- What is required
Your answer should be only the lines below from the one with "#7 power drill at [287, 18, 466, 210]" to the one with "#18 pudding box at [350, 323, 457, 394]", repeated exactly, ends included.
Given entries START
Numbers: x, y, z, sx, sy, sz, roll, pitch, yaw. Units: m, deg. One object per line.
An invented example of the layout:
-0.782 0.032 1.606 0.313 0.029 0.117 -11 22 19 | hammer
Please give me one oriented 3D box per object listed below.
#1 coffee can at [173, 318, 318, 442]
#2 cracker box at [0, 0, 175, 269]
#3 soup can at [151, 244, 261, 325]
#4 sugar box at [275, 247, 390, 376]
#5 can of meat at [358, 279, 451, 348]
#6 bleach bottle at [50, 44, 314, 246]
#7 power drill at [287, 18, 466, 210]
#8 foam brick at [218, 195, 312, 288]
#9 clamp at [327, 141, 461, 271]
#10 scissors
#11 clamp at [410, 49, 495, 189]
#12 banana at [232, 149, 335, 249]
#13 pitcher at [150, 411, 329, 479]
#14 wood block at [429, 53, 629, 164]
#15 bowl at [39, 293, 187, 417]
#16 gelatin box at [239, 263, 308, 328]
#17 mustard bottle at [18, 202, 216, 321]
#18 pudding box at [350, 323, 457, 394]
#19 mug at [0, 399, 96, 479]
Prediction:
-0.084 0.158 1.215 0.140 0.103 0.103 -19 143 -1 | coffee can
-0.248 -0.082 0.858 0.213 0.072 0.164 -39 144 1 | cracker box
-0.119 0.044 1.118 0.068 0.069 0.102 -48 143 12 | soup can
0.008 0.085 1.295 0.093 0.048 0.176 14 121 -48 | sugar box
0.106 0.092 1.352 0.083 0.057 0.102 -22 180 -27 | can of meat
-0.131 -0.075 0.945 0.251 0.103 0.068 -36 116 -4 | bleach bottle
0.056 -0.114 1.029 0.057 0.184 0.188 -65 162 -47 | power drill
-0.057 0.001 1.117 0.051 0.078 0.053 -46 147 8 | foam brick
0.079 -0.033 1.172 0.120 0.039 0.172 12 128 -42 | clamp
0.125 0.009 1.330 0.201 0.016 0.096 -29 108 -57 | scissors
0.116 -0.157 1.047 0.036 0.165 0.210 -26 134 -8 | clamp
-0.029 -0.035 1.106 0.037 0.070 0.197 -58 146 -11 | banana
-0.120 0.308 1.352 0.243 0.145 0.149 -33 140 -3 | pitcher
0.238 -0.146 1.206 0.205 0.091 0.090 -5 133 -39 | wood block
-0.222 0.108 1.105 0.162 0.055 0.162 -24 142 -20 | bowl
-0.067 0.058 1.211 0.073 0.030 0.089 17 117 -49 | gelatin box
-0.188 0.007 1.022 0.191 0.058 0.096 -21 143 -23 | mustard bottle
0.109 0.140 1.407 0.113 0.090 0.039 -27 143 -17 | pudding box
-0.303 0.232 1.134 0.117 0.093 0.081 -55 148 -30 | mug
Given entries END
Given entries START
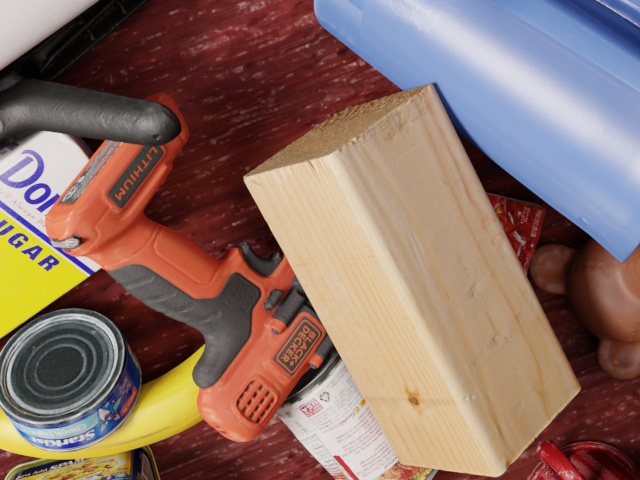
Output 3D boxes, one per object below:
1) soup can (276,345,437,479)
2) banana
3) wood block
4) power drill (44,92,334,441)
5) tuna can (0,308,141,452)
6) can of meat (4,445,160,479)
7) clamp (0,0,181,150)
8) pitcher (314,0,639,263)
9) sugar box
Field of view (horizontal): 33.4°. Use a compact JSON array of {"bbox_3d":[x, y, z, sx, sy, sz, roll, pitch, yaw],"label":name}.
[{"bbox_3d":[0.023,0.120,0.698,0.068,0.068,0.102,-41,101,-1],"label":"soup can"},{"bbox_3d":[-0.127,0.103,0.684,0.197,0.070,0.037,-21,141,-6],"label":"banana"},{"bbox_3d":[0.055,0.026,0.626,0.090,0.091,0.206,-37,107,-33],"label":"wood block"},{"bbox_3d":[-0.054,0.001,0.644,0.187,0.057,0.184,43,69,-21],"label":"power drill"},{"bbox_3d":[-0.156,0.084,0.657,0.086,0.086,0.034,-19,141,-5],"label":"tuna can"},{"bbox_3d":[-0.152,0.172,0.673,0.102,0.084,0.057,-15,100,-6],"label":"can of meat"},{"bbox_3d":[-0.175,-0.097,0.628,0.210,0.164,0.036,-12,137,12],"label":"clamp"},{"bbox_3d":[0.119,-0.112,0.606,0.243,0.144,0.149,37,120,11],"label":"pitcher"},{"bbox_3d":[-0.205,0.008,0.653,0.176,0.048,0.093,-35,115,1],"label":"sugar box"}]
Given entries END
Given entries START
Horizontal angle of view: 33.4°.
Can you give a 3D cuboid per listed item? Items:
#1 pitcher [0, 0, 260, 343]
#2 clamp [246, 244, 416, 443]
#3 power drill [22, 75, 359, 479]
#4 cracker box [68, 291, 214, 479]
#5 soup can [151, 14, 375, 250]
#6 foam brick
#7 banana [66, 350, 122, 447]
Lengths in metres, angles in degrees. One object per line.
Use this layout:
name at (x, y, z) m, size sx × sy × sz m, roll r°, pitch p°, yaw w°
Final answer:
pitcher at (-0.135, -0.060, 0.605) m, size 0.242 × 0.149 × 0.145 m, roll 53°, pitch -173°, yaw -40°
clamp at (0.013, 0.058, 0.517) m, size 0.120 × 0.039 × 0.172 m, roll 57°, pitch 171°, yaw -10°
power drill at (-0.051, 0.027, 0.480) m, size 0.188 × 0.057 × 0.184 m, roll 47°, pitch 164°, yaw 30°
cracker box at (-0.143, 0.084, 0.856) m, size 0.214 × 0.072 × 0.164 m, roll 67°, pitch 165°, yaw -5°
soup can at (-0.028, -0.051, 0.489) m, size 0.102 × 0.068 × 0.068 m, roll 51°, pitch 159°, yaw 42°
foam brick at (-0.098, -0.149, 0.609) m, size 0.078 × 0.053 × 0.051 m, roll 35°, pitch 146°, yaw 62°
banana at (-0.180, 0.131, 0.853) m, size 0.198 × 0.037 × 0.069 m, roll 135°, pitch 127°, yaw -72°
Given entries END
- Expected answer
#7 power drill at [287, 18, 466, 210]
#8 foam brick at [218, 195, 312, 288]
#9 clamp at [327, 141, 461, 271]
#10 scissors
#11 clamp at [410, 49, 495, 189]
#12 banana at [232, 149, 335, 249]
#13 pitcher at [150, 411, 329, 479]
#14 wood block at [429, 53, 629, 164]
#15 bowl at [39, 293, 187, 417]
#16 gelatin box at [239, 263, 308, 328]
#17 mustard bottle at [18, 202, 216, 321]
#18 pudding box at [350, 323, 457, 394]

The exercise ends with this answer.